Cependant, le juge du référé précontractuel relève que ce candidat avait uniquement rédigé une étude de diagnostic mais pas le cahier des charges de la consultation en cause, soulignant que cette étude de diagnostic a été jointe au dossier de la consultation et par suite à la disposition de tous les candidats.
C’est donc à tort que ce candidat a été exclu de la procédure.
Illustration du contenu du mémoire en réclamation
Constitue un mémoire en réclamation au sens des stipulations du CCAG Travaux, un mémoire reprenant les demandes de règlement complémentaire adressées au maître d’ouvrage et comportant notamment une contestation de l’application des pénalités de retard et réfactions infligées.
En outre, ce mémoire « expose de manière détaillée les sommes demandées et est assorti de très nombreuses explications et pièces jointes, en particulier des comptes rendus de réunions hebdomadaires, les ordres de services assortis des réserves émises par la société et des tableaux récapitulatifs des sommes demandées ».
Vérification du niveau de capacité en procédure avec négociation
Dans le cadre d’une procédure avec négociation, la vérification des capacités des opérateurs économiques sur lesquels un candidat entend s’appuyer doit être réalisée avant l’envoi de l’invitation à la négociation.
Dans ce cadre, le candidat doit produire dans son dossier de candidature notamment des attestations formalisées de mise à disposition des capacités des entreprises tierces dont il entend se prévaloir.
Les seules indications en ce sens dans le mémoire technique ou les forts liens capitalistiques ou le partage des dirigeants ne constituent pas une preuve suffisante.
Prise en compte de l’expérience des candidats « en milieu tropical »
Dans le cadre de la passation d’un marché de conception réalisation, le règlement de la consultation exigeait que les candidats justifient de compétences dans les domaines des travaux « tous corps d’état » et de la qualité environnementale du bâti en milieu tropical, en particulier d’expériences de construction scolaire en milieu tropical.
Compte tenu de l’objet du marché, le juge des référés considère que la commune pouvait valablement se fonder sur un motif tiré de l’insuffisance des capacités professionnelles du groupement en matière de construction scolaire en milieu tropical pour rejeter sa candidature.

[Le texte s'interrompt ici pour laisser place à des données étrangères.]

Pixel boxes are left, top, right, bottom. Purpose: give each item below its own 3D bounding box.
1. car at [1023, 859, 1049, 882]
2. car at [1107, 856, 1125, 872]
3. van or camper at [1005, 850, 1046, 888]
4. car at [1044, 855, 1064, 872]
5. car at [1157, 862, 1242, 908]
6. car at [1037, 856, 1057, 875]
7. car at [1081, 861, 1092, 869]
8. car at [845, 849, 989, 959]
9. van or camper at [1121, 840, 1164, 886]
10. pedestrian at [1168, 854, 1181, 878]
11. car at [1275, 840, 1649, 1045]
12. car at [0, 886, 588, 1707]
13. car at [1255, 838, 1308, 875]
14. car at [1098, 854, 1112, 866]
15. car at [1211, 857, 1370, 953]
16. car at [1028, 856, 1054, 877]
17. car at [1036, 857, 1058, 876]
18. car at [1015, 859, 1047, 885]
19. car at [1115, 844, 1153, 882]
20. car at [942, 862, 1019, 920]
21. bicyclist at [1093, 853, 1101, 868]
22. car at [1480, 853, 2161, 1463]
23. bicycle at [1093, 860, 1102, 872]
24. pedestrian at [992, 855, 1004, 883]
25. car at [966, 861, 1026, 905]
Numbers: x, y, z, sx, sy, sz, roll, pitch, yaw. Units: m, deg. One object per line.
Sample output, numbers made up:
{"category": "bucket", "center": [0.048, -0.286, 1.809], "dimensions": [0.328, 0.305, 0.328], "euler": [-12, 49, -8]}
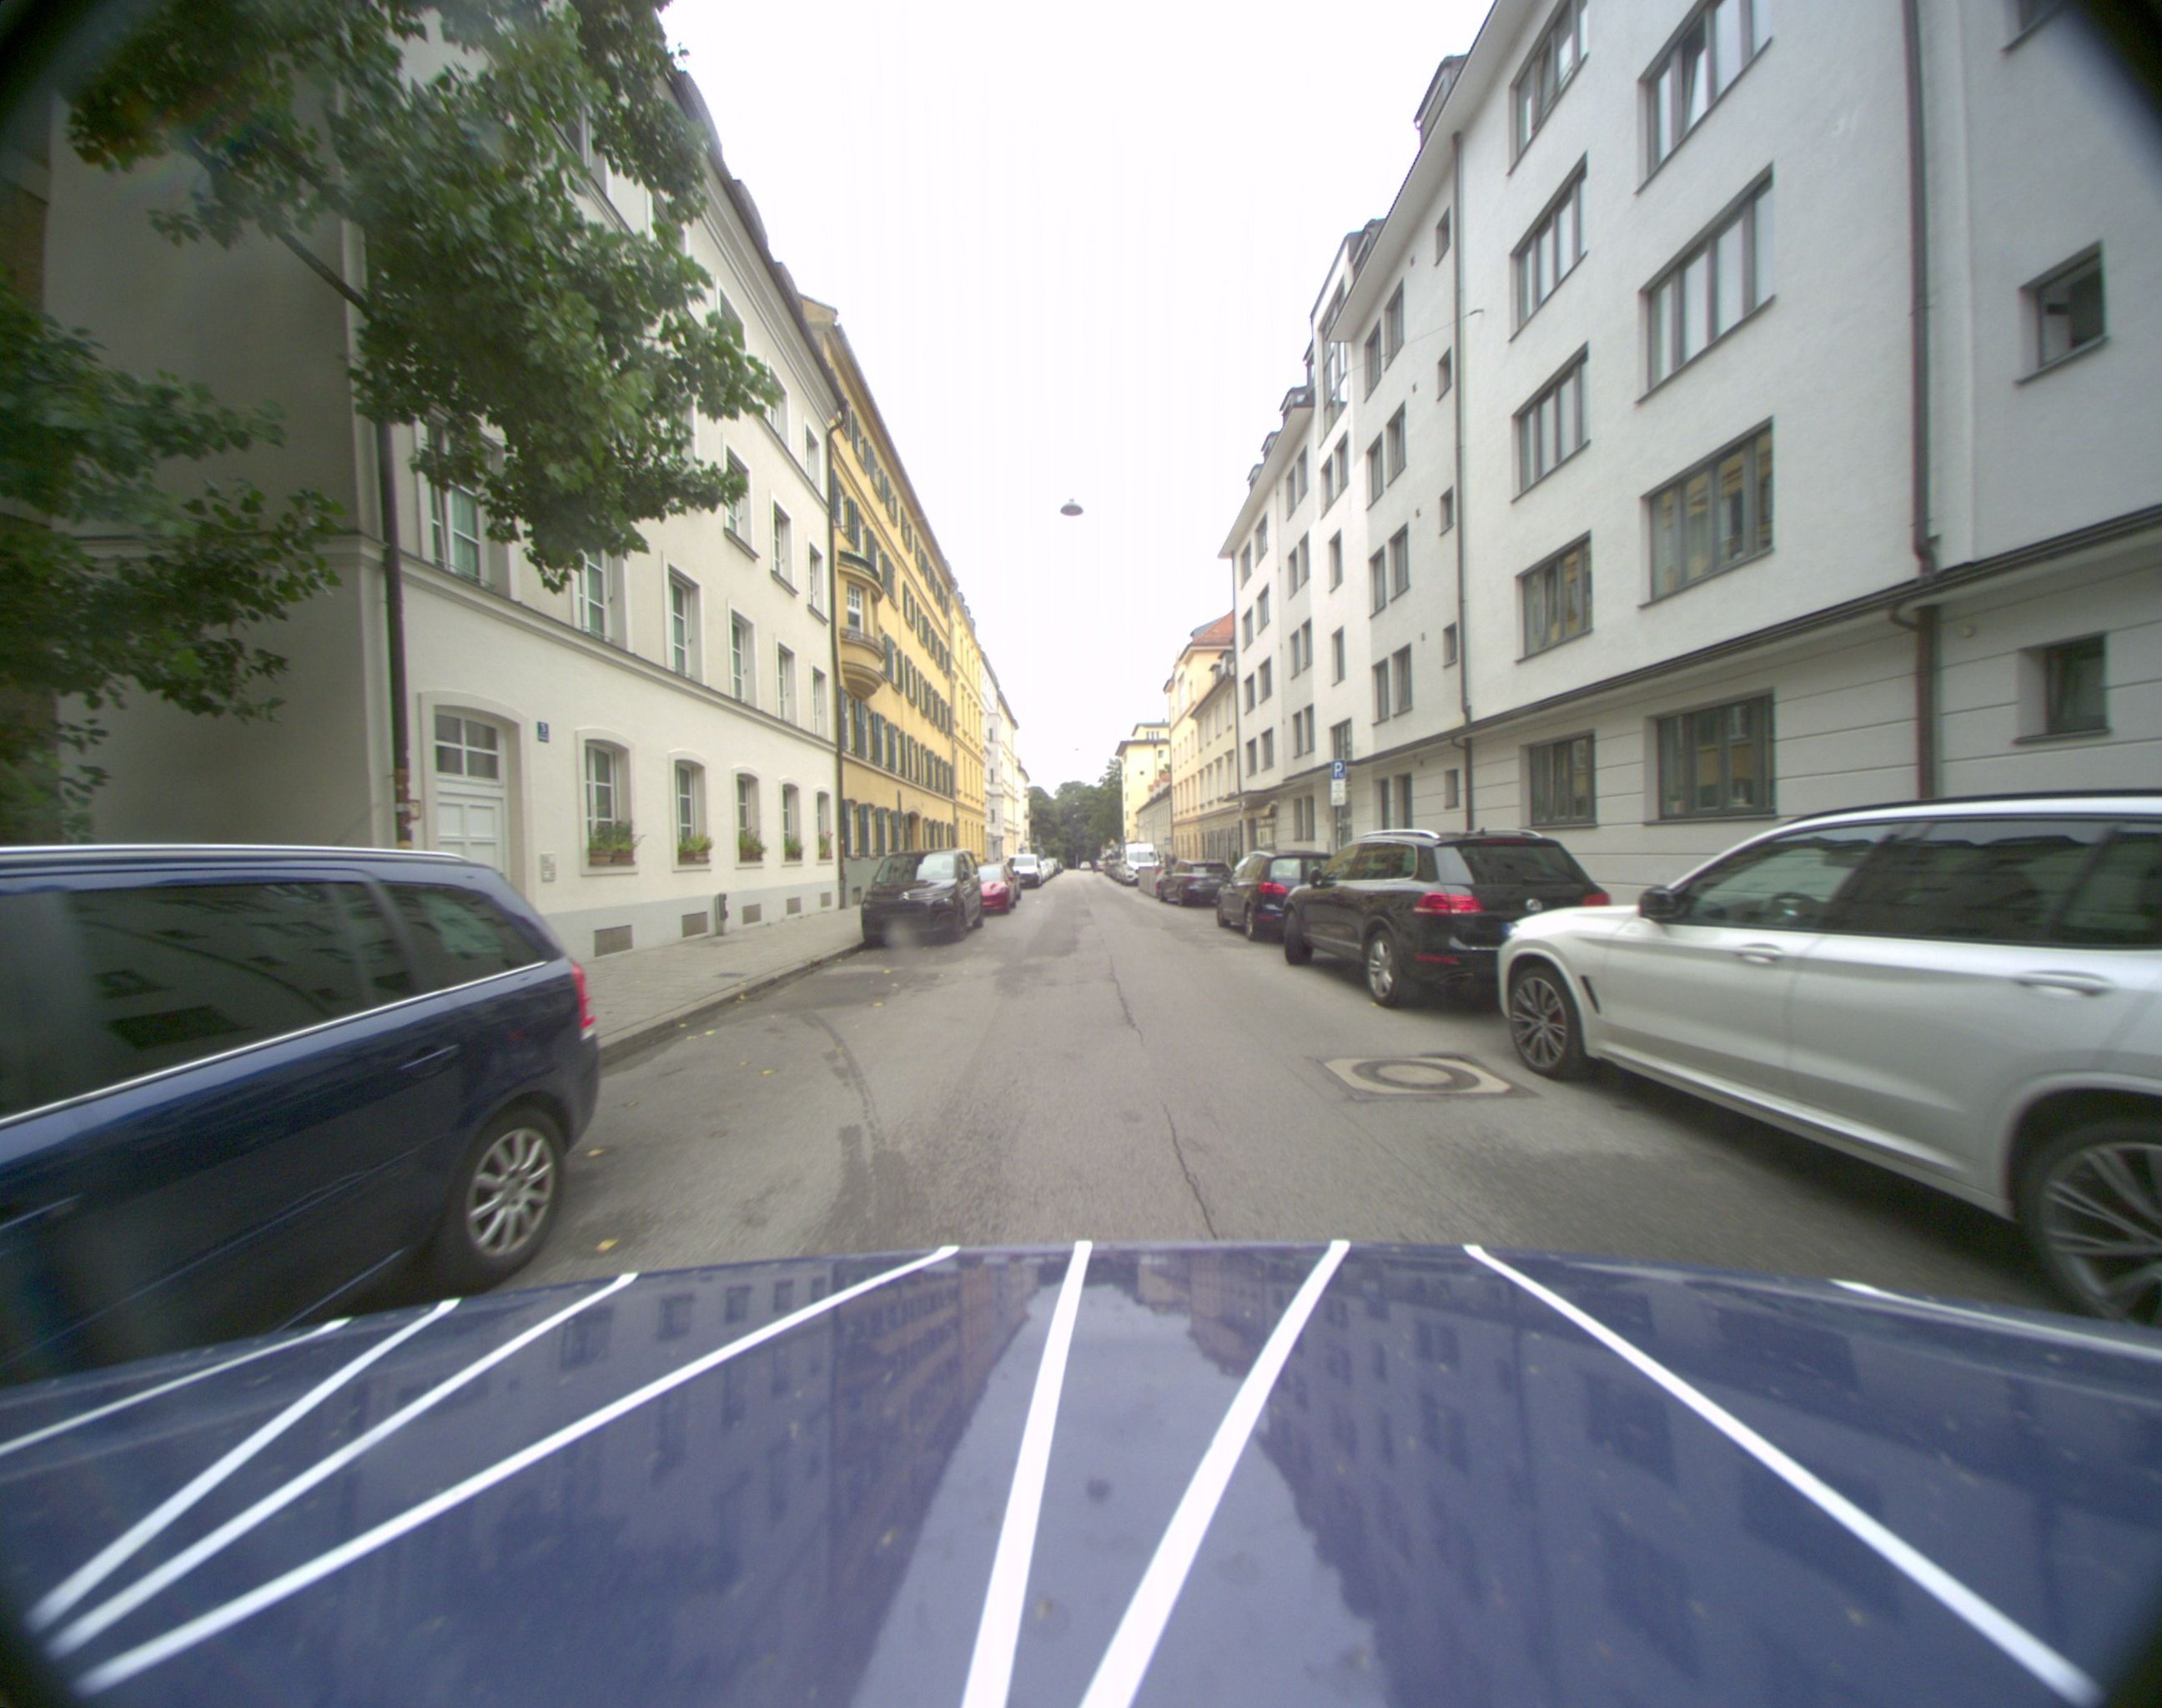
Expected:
{"category": "car", "center": [-3.061, 1.136, 52.514], "dimensions": [1.627, 1.501, 3.761], "euler": [-1, 0, -1]}
{"category": "car", "center": [3.432, 0.966, 74.790], "dimensions": [1.573, 1.505, 3.423], "euler": [-2, 0, 0]}
{"category": "van or camper", "center": [-3.053, 0.805, 42.848], "dimensions": [1.999, 2.002, 5.232], "euler": [-1, 0, -1]}
{"category": "car", "center": [-3.054, 1.028, 87.375], "dimensions": [1.998, 1.850, 5.114], "euler": [-1, 0, 1]}
{"category": "car", "center": [3.654, 0.920, 24.151], "dimensions": [1.644, 1.346, 4.056], "euler": [0, 0, -7]}
{"category": "car", "center": [-3.120, 1.070, 71.121], "dimensions": [1.721, 1.592, 4.322], "euler": [-2, 0, -2]}
{"category": "car", "center": [0.961, 1.849, 130.695], "dimensions": [1.793, 1.409, 3.905], "euler": [0, 0, -1]}
{"category": "car", "center": [-3.064, 0.840, 15.131], "dimensions": [1.851, 1.766, 4.200], "euler": [-3, 1, 0]}
{"category": "van or camper", "center": [3.377, 0.465, 42.752], "dimensions": [1.998, 2.298, 5.478], "euler": [-2, 0, 1]}
{"category": "pedestrian", "center": [6.733, 0.884, 54.978], "dimensions": [0.807, 1.701, 1.021], "euler": [-1, 0, 1]}
{"category": "car", "center": [3.712, 0.746, 8.504], "dimensions": [1.877, 1.678, 4.520], "euler": [0, 0, -1]}
{"category": "car", "center": [-2.967, 0.958, 1.143], "dimensions": [1.813, 1.591, 4.214], "euler": [-1, 0, -3]}
{"category": "car", "center": [11.861, 0.121, 45.206], "dimensions": [1.998, 2.002, 4.400], "euler": [-2, 0, 1]}
{"category": "car", "center": [3.118, 0.787, 99.486], "dimensions": [1.711, 1.490, 4.000], "euler": [-1, 0, -1]}
{"category": "car", "center": [3.688, 0.832, 14.172], "dimensions": [1.778, 1.530, 4.159], "euler": [0, 0, -1]}
{"category": "car", "center": [-3.067, 0.923, 59.048], "dimensions": [1.721, 1.501, 4.468], "euler": [-1, 0, 0]}
{"category": "car", "center": [-2.896, 1.069, 64.834], "dimensions": [1.721, 1.501, 3.936], "euler": [-1, 0, -1]}
{"category": "car", "center": [-3.095, 1.074, 47.835], "dimensions": [1.821, 1.501, 4.586], "euler": [-1, 0, -2]}
{"category": "car", "center": [3.301, 0.537, 48.223], "dimensions": [1.862, 2.188, 4.560], "euler": [-2, 0, -2]}
{"category": "car", "center": [-2.815, 0.996, 22.071], "dimensions": [1.718, 1.415, 4.457], "euler": [-1, 0, -1]}
{"category": "bicyclist", "center": [1.673, 0.678, 79.479], "dimensions": [0.688, 1.618, 0.853], "euler": [-2, 0, -1]}
{"category": "car", "center": [3.847, 0.831, 3.196], "dimensions": [1.877, 1.648, 4.590], "euler": [0, 0, -1]}
{"category": "bicycle", "center": [1.725, 1.240, 79.548], "dimensions": [0.734, 1.144, 1.999], "euler": [-2, 0, -1]}
{"category": "pedestrian", "center": [-4.881, 0.909, 44.967], "dimensions": [0.598, 1.629, 0.896], "euler": [2, 0, -2]}
{"category": "car", "center": [-3.071, 1.022, 28.272], "dimensions": [1.750, 1.455, 4.000], "euler": [-1, 0, 0]}

TA Mayotte, 26 janvier 2024, n°2304704

Par Laurent Bidault , Avocat Associé chez Novlaw Avocats , spécialisé en droit public , notamment en droit des contrats publics (marché public, concession) et en droit immobilier public (aménagement, urbanisme, construction). Il a également développé une expertise particulière en matière d’ innovation appliquée au secteur public (achat innovant, R&D, BIM).